Your goal:
Once the line with "import ezdxf" is found in the entries below, repeat it and each following line exactly, up to and including the line with "doc.units = ezdxf.units.MM". Add no other lines.

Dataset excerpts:
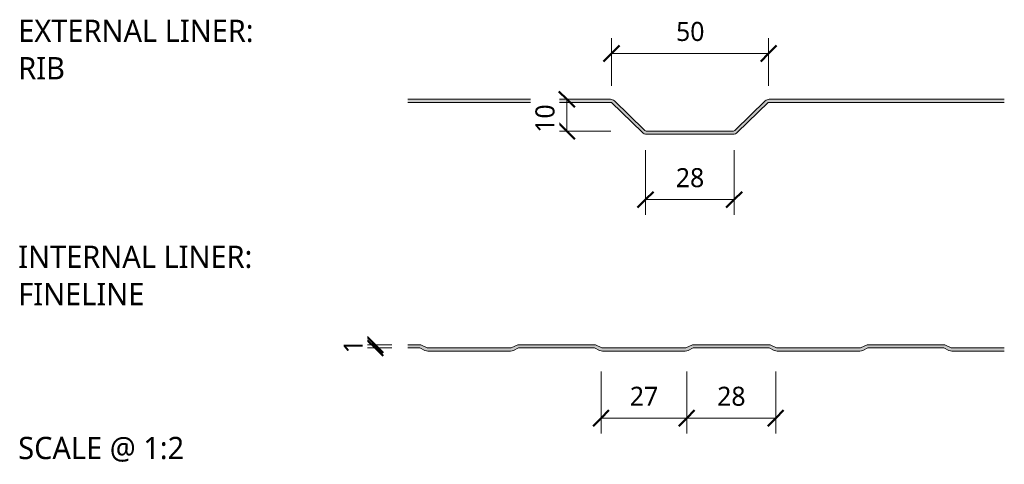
# Model space of a CAD drawing. Header units: millimetres. Extents: x 9340 to 17552, y -5453 to 669.
# Tile 10 of 10: x 17242 to 17552, y -1622 to -1482. Entities that reach past the tile are written whole.
import ezdxf

# ---------------------------------------------------------------- set-up
doc = ezdxf.new("R2010")
doc.units = ezdxf.units.MM
for name, color, linetype, lineweight in [('A-ANNO-DIMS', 211, 'Continuous', 9), ('A-ANNO-DIMS-2', 211, 'Continuous', 9), ('A-DETL-GENF', 92, 'Continuous', 13), ('G-ANNO-TEXT', 231, 'Continuous', 9)]:
    doc.layers.add(name, color=color, linetype=linetype, lineweight=lineweight)
doc.styles.add('Yu Gothic_2', font='Yu Gothic.ttf', dxfattribs={"height": 7})
doc.styles.add('Yu Gothic_3', font='Yu Gothic.ttf', dxfattribs={"height": 6})
doc.styles.add('Yu Gothic_B', font='Yu Gothic.ttf', dxfattribs={"height": 7})
doc.dimstyles.new('Diagonal_1', dxfattribs={"dimscale": 304.8, "dimtxt": 6.965421, "dimasz": 0.016404, "dimexe": 0.015748, "dimexo": 0.009843, "dimgap": 0.009843, "dimtad": 1, "dimdec": 0, "dimzin": 0, "dimdsep": 46, "dimtxsty": 'Yu Gothic_3', "dimblk1": 'OBLIQUE', "dimblk2": 'OBLIQUE', "dimsah": 1, "dimcen": 0.09, "dimazin": 0, "dimtfac": 1, "dimtdec": 4, "dimtix": 1, "dimtmove": 0, "dimatfit": 3, "dimfxl": 1, "dimtvp": 1, "dimtfill": 1, "dimtolj": 1, "dimtzin": 0, "dimarcsym": 2})
doc.dimstyles.new('Diagonal_2', dxfattribs={"dimscale": 304.8, "dimtxt": 6.965421, "dimasz": 0.016404, "dimexe": 0.015748, "dimexo": 0.009843, "dimgap": 0.009843, "dimtad": 1, "dimdec": 0, "dimzin": 0, "dimdsep": 46, "dimtxsty": 'Yu Gothic_3', "dimblk1": 'OBLIQUE', "dimblk2": 'OBLIQUE', "dimsah": 1, "dimcen": 0.09, "dimazin": 0, "dimtfac": 1, "dimtdec": 4, "dimtix": 1, "dimtmove": 2, "dimatfit": 3, "dimfxl": 1, "dimtvp": 1, "dimtfill": 1, "dimtolj": 1, "dimtzin": 0, "dimarcsym": 2})

# ---------------------------------------------------------------- blocks, each defined once
blk = doc.blocks.new('HFX 1000 - FINISHES - HFX 1000 - 3 RIB FINISH - TOP-4344867-ALL FINISHES 2')
at = {"layer": 'A-DETL-GENF'}
blk.add_hatch(color=256, dxfattribs=at).paths.add_polyline_path([(186.16, 24), (213.18, 24), (213.74, 24.07), (214.26, 24.29), (214.71, 24.62), (224.34, 34), (298.7, 34), (298.7, 35), (224.67, 35), (224.21, 34.94), (223.78, 34.77), (223.41, 34.49), (214.02, 25.34), (213.77, 25.16), (213.48, 25.04), (213.18, 25), (186.16, 25), (185.85, 25.04), (185.57, 25.16), (185.32, 25.34), (175.93, 34.49), (175.56, 34.77), (175.13, 34.94), (174.67, 35), (110.84, 35), (110.84, 34), (174.99, 34), (184.62, 24.62), (185.07, 24.29), (185.6, 24.07)])
for p, q in [((174.67, 35), (110.84, 35)), ((185.32, 25.34), (175.93, 34.49)), ((223.41, 34.49), (214.02, 25.34)), ((298.7, 35), (224.67, 35)), ((110.84, 34), (174.99, 34)), ((174.99, 34), (184.62, 24.62)), ((214.71, 24.62), (224.34, 34)), ((224.34, 34), (298.7, 34)), ((213.18, 25), (186.16, 25)), ((186.16, 24), (213.18, 24))]:
    blk.add_line(p, q, dxfattribs=at)
for centre, radius, start, end in [((174.67, 33.2), 1.8, 45.7585, 90), ((224.67, 33.2), 1.8, 90, 134.2415), ((186.16, 26.2), 1.2, 225.7585, 270), ((213.18, 26.2), 1.2, 270, 314.2415), ((186.16, 26.2), 2.2, 225.7585, 270), ((213.18, 26.2), 2.2, 270, 314.2415)]:
    blk.add_arc(centre, radius, start, end, dxfattribs=at)
blk = doc.blocks.new('HFX 1000 - FINISHES - HFX 1000 - FINELINE FINISH - BOTTOM-4344853-ALL FINISHES 2')
at = {"layer": 'A-DETL-GENF'}
blk.add_hatch(color=256, dxfattribs=at).paths.add_polyline_path([(127.01, 0), (127.49, 0.06), (127.94, 0.22), (129.5, 1), (153.5, 1), (155.06, 0.22), (155.51, 0.06), (156, 0), (182.01, 0), (182.49, 0.06), (182.94, 0.22), (184.5, 1), (208.5, 1), (210.06, 0.22), (210.51, 0.06), (211, 0), (227.51, 0), (227.51, 1), (210.74, 1), (208.74, 2), (184.27, 2), (182.27, 1), (155.74, 1), (153.74, 2), (129.27, 2), (127.27, 1), (100.74, 1), (98.74, 2), (74.27, 2), (72.27, 1), (45.74, 1), (43.74, 2), (39.65, 2), (39.65, 1), (43.5, 1), (45.06, 0.22), (45.51, 0.06), (46, 0), (72.01, 0), (72.49, 0.06), (72.94, 0.22), (74.5, 1), (98.5, 1), (100.06, 0.22), (100.51, 0.06), (101, 0)])
for p, q in [((43.74, 2), (39.65, 2)), ((39.65, 1), (43.5, 1)), ((43.5, 1), (45.06, 0.22)), ((45.74, 1), (43.74, 2)), ((72.27, 1), (45.74, 1)), ((74.27, 2), (72.27, 1)), ((72.94, 0.22), (74.5, 1)), ((98.74, 2), (74.27, 2)), ((74.5, 1), (98.5, 1)), ((98.5, 1), (100.06, 0.22)), ((100.74, 1), (98.74, 2)), ((127.27, 1), (100.74, 1)), ((129.27, 2), (127.27, 1)), ((127.94, 0.22), (129.5, 1)), ((153.74, 2), (129.27, 2)), ((129.5, 1), (153.5, 1)), ((153.5, 1), (155.06, 0.22)), ((155.74, 1), (153.74, 2)), ((182.27, 1), (155.74, 1)), ((184.27, 2), (182.27, 1)), ((182.94, 0.22), (184.5, 1)), ((208.74, 2), (184.27, 2)), ((184.5, 1), (208.5, 1)), ((208.5, 1), (210.06, 0.22)), ((210.74, 1), (208.74, 2)), ((227.51, 1), (210.74, 1)), ((46, 0), (72.01, 0)), ((101, 0), (127.01, 0)), ((156, 0), (182.01, 0)), ((211, 0), (227.51, 0))]:
    blk.add_line(p, q, dxfattribs=at)
for centre, start, end in [((46, 2.1), 243.4349, 270), ((72.01, 2.1), 270, 296.5651), ((101, 2.1), 243.4349, 270), ((127.01, 2.1), 270, 296.5651), ((156, 2.1), 243.4349, 270), ((182.01, 2.1), 270, 296.5651), ((211, 2.1), 243.4349, 270)]:
    blk.add_arc(centre, 2.1, start, end, dxfattribs=at)
blk = doc.blocks.new('DIMBLOCK8-ALL FINISHES 2')
at = {"layer": 'A-ANNO-DIMS-2'}
for p, q in [((17438.65, -1538.68), (17438.65, -1523.1)), ((17466.58, -1538.68), (17466.58, -1523.1)), ((17438.65, -1538.68), (17466.58, -1538.68)), ((17438.65, -1538.68), (17438.65, -1543.48)), ((17466.58, -1538.68), (17466.58, -1543.48))]:
    blk.add_line(p, q, dxfattribs=at)
at = {"layer": 'A-ANNO-DIMS-2', "lineweight": 50}
for p, q in [((17438.65, -1538.68), (17441.15, -1536.18)), ((17466.58, -1538.68), (17469.08, -1536.18)), ((17438.65, -1538.68), (17436.15, -1541.18)), ((17466.58, -1538.68), (17464.08, -1541.18))]:
    blk.add_line(p, q, dxfattribs=at)
at = {"layer": 'A-ANNO-DIMS-2', "color": 0, "insert": (17448.21, -1528.76), "char_height": 6, "width": 10.5711, "attachment_point": 1, "line_spacing_factor": 1.024327, "style": 'Yu Gothic_3', "bg_fill": 3, "box_fill_scale": 1.25, "bg_fill_color": 256, "bg_fill_true_color": 13158600, "bg_fill_transparency": 0}
blk.add_mtext('28', dxfattribs=at)
blk = doc.blocks.new('_Oblique')
at = {"color": 0, "linetype": 'ByBlock', "lineweight": -2}
blk.add_line((-0.5, -0.5), (0.5, 0.5), dxfattribs=at)
blk = doc.blocks.new('DIMBLOCK9-ALL FINISHES 2')
at = {"layer": 'A-ANNO-DIMS-2'}
for p, q in [((17427.94, -1492.64), (17427.94, -1487.84)), ((17477.44, -1492.64), (17477.44, -1487.84)), ((17427.94, -1492.64), (17477.44, -1492.64)), ((17427.94, -1492.64), (17427.94, -1502.84)), ((17477.44, -1492.64), (17477.44, -1502.84))]:
    blk.add_line(p, q, dxfattribs=at)
at = {"layer": 'A-ANNO-DIMS-2', "lineweight": 50}
for p, q in [((17427.94, -1492.64), (17430.44, -1490.14)), ((17477.44, -1492.64), (17479.94, -1490.14)), ((17427.94, -1492.64), (17425.44, -1495.14)), ((17477.44, -1492.64), (17474.94, -1495.14))]:
    blk.add_line(p, q, dxfattribs=at)
at = {"layer": 'A-ANNO-DIMS-2', "color": 0, "insert": (17448.28, -1482.71), "char_height": 6, "width": 10.5711, "attachment_point": 1, "line_spacing_factor": 1.024327, "style": 'Yu Gothic_3', "bg_fill": 3, "box_fill_scale": 1.25, "bg_fill_color": 256, "bg_fill_true_color": 13158600, "bg_fill_transparency": 0}
blk.add_mtext('50', dxfattribs=at)
blk = doc.blocks.new('DIMBLOCK10-ALL FINISHES 2')
at = {"layer": 'A-ANNO-DIMS-2', "lineweight": 50}
for p, q in [((17413.91, -1507.09), (17411.41, -1504.59)), ((17413.91, -1507.09), (17416.41, -1509.59)), ((17413.91, -1517.09), (17411.41, -1514.59)), ((17413.91, -1517.09), (17416.41, -1519.59))]:
    blk.add_line(p, q, dxfattribs=at)
at = {"layer": 'A-ANNO-DIMS-2'}
for p, q in [((17413.91, -1507.09), (17409.11, -1507.09)), ((17413.91, -1507.09), (17413.91, -1517.09)), ((17413.91, -1507.09), (17414.44, -1507.09)), ((17413.91, -1517.09), (17409.11, -1517.09)), ((17413.91, -1517.09), (17427.71, -1517.09))]:
    blk.add_line(p, q, dxfattribs=at)
at = {"layer": 'A-ANNO-DIMS-2', "color": 0, "insert": (17403.99, -1517.62), "char_height": 6, "width": 10.5711, "attachment_point": 1, "rotation": 90, "line_spacing_factor": 1.024327, "style": 'Yu Gothic_3', "bg_fill": 3, "box_fill_scale": 1.25, "bg_fill_color": 256, "bg_fill_true_color": 13158600, "bg_fill_transparency": 0}
blk.add_mtext('10', dxfattribs=at)
blk = doc.blocks.new('DIMBLOCK11-ALL FINISHES 2')
at = {"layer": 'A-ANNO-DIMS-2'}
for p, q in [((17424.65, -1607.54), (17424.65, -1592.83)), ((17451.63, -1607.54), (17451.63, -1592.83)), ((17424.65, -1607.54), (17451.63, -1607.54)), ((17424.65, -1607.54), (17424.65, -1612.34)), ((17451.63, -1607.54), (17451.63, -1612.34))]:
    blk.add_line(p, q, dxfattribs=at)
at = {"layer": 'A-ANNO-DIMS-2', "lineweight": 50}
for p, q in [((17424.65, -1607.54), (17427.15, -1605.04)), ((17451.63, -1607.54), (17454.13, -1605.04)), ((17424.65, -1607.54), (17422.15, -1610.04)), ((17451.63, -1607.54), (17449.13, -1610.04))]:
    blk.add_line(p, q, dxfattribs=at)
at = {"layer": 'A-ANNO-DIMS-2', "color": 0, "insert": (17433.73, -1597.61), "char_height": 6, "width": 10.5711, "attachment_point": 1, "line_spacing_factor": 1.024327, "style": 'Yu Gothic_3', "bg_fill": 3, "box_fill_scale": 1.25, "bg_fill_color": 256, "bg_fill_true_color": 13158600, "bg_fill_transparency": 0}
blk.add_mtext('27', dxfattribs=at)
blk = doc.blocks.new('DIMBLOCK12-ALL FINISHES 2')
at = {"layer": 'A-ANNO-DIMS-2'}
for p, q in [((17451.63, -1607.54), (17451.63, -1592.83)), ((17479.65, -1607.54), (17479.65, -1592.83)), ((17451.63, -1607.54), (17479.65, -1607.54)), ((17451.63, -1607.54), (17451.63, -1612.34)), ((17479.65, -1607.54), (17479.65, -1612.34))]:
    blk.add_line(p, q, dxfattribs=at)
at = {"layer": 'A-ANNO-DIMS-2', "lineweight": 50}
for p, q in [((17451.63, -1607.54), (17454.13, -1605.04)), ((17479.65, -1607.54), (17482.15, -1605.04)), ((17451.63, -1607.54), (17449.13, -1610.04)), ((17479.65, -1607.54), (17477.15, -1610.04))]:
    blk.add_line(p, q, dxfattribs=at)
at = {"layer": 'A-ANNO-DIMS-2', "color": 0, "insert": (17461.23, -1597.61), "char_height": 6, "width": 10.5711, "attachment_point": 1, "line_spacing_factor": 1.024327, "style": 'Yu Gothic_3', "bg_fill": 3, "box_fill_scale": 1.25, "bg_fill_color": 256, "bg_fill_true_color": 13158600, "bg_fill_transparency": 0}
blk.add_mtext('28', dxfattribs=at)
blk = doc.blocks.new('DIMBLOCK13-ALL FINISHES 2')
at = {"layer": 'A-ANNO-DIMS-2', "lineweight": 50}
for p, q in [((17353.51, -1584.4), (17351.01, -1581.9)), ((17353.51, -1585.4), (17351.01, -1582.9)), ((17353.51, -1584.4), (17356.01, -1586.9)), ((17353.51, -1585.4), (17356.01, -1587.9))]:
    blk.add_line(p, q, dxfattribs=at)
at = {"layer": 'A-ANNO-DIMS-2'}
for p, q in [((17353.51, -1584.4), (17348.71, -1584.4)), ((17353.51, -1585.4), (17348.71, -1585.4)), ((17353.51, -1584.4), (17353.51, -1585.4)), ((17353.51, -1584.4), (17358.8, -1584.4)), ((17353.51, -1585.4), (17358.75, -1585.4))]:
    blk.add_line(p, q, dxfattribs=at)
at = {"layer": 'A-ANNO-DIMS-2', "color": 0, "insert": (17343.59, -1587.1), "char_height": 6, "width": 5.2855, "attachment_point": 1, "rotation": 90, "line_spacing_factor": 1.024327, "style": 'Yu Gothic_3', "bg_fill": 3, "box_fill_scale": 1.25, "bg_fill_color": 256, "bg_fill_true_color": 13158600, "bg_fill_transparency": 0}
blk.add_mtext('1', dxfattribs=at)

msp = doc.modelspace()

# ---------------------------------------------------------------- block references
at = {"layer": 'A-DETL-GENF'}
for name, p in [('HFX 1000 - FINISHES - HFX 1000 - 3 RIB FINISH - TOP-4344867-ALL FINISHES 2', (17252.95, -1542.09)), ('HFX 1000 - FINISHES - HFX 1000 - FINELINE FINISH - BOTTOM-4344853-ALL FINISHES 2', (17324.14, -1586.4))]:
    msp.add_blockref(name, p, dxfattribs=at)

# ---------------------------------------------------------------- texts
at = {"layer": 'G-ANNO-TEXT', "color": 7, "char_height": 7, "attachment_point": 1, "bg_fill": 3, "box_fill_scale": 1.25, "bg_fill_color": 256, "bg_fill_true_color": 13158600, "bg_fill_transparency": 0}
for s, insert, width, style in [('EXTERNAL LINER: ', (17241.14, -1482.01), 103.7384, 'Yu Gothic_B'), ('RIB', (17241.14, -1493.78), 19.0802, 'Yu Gothic_B'), ('INTERNAL LINER: ', (17241.14, -1553.18), 101.173, 'Yu Gothic_B'), ('FINELINE', (17241.14, -1564.95), 52.751, 'Yu Gothic_B'), ('SCALE @ 1:2', (17241.14, -1613.4), 66.5401, 'Yu Gothic_2')]:
    msp.add_mtext(s, dxfattribs=dict(at, insert=insert, width=width, style=style))

# ---------------------------------------------------------------- dimensions: what is measured, and where the dimension line sits
at = {"layer": 'A-ANNO-DIMS'}
for base, p1, p2, override, picture, middle in [((17466.58, -1538.68), (17438.65, -1520.1), (17466.58, -1520.1), {"dimpost": '<>', "dimfxl": 27.925968}, 'DIMBLOCK8-ALL FINISHES 2', (17452.62, -1532.68)), ((17451.63, -1607.54), (17424.65, -1589.83), (17451.63, -1589.83), {"dimpost": '<>', "dimfxl": 26.973477}, 'DIMBLOCK11-ALL FINISHES 2', (17438.14, -1601.54))]:
    dim = msp.add_linear_dim(base=base, p1=p1, p2=p2, dimstyle='Diagonal_1', override=override, dxfattribs=at)
    dim.commit()
    dim.dimension.update_dxf_attribs({"geometry": picture, "text_midpoint": middle})
dim = msp.add_linear_dim(base=(17353.51, -1585.4), p1=(17361.8, -1584.4), p2=(17361.75, -1585.4), angle=90, dimstyle='Diagonal_1', override={"dimpost": '<>', "dimfxl": 1.001431}, dxfattribs=at)
dim.commit()
dim.dimension.update_dxf_attribs({"geometry": 'DIMBLOCK13-ALL FINISHES 2', "text_midpoint": (17347.51, -1584.9)})

# ---------------------------------------------------------------- next in the draw order: dimensions: what is measured, and where the dimension line sits
for base, p1, p2, override, picture, middle in [((17477.43579986, -1492.63579064), (17427.93579986, -1505.84355316), (17477.43579986, -1505.84355316), {"dimpost": '<>', "dimfxl": 49.5}, 'DIMBLOCK9-ALL FINISHES 2', (17452.68579986, -1486.63579064)), ((17479.65, -1607.54), (17451.63, -1589.83), (17479.65, -1589.83), {"dimpost": '<>', "dimfxl": 28.026523}, 'DIMBLOCK12-ALL FINISHES 2', (17465.64, -1601.54))]:
    dim = msp.add_linear_dim(base=base, p1=p1, p2=p2, dimstyle='Diagonal_1', override=override, dxfattribs=at)
    dim.commit()
    dim.dimension.update_dxf_attribs({"geometry": picture, "text_midpoint": middle})

# ---------------------------------------------------------------- next in the draw order: dimensions: what is measured, and where the dimension line sits
dim = msp.add_linear_dim(base=(17413.91, -1517.09), p1=(17417.44, -1507.09), p2=(17430.71, -1517.09), angle=90, dimstyle='Diagonal_2', override={"dimpost": '<>', "dimfxl": 16.614288}, dxfattribs=at)
dim.commit()
dim.dimension.update_dxf_attribs({"geometry": 'DIMBLOCK10-ALL FINISHES 2', "text_midpoint": (17407.99, -1512.34), "dimtype": 160, "text_rotation": 90})

doc.saveas('drawing.dxf')

Solution for this exercise:
import ezdxf

# ---------------------------------------------------------------- set-up
doc = ezdxf.new("R2010")
doc.units = ezdxf.units.MM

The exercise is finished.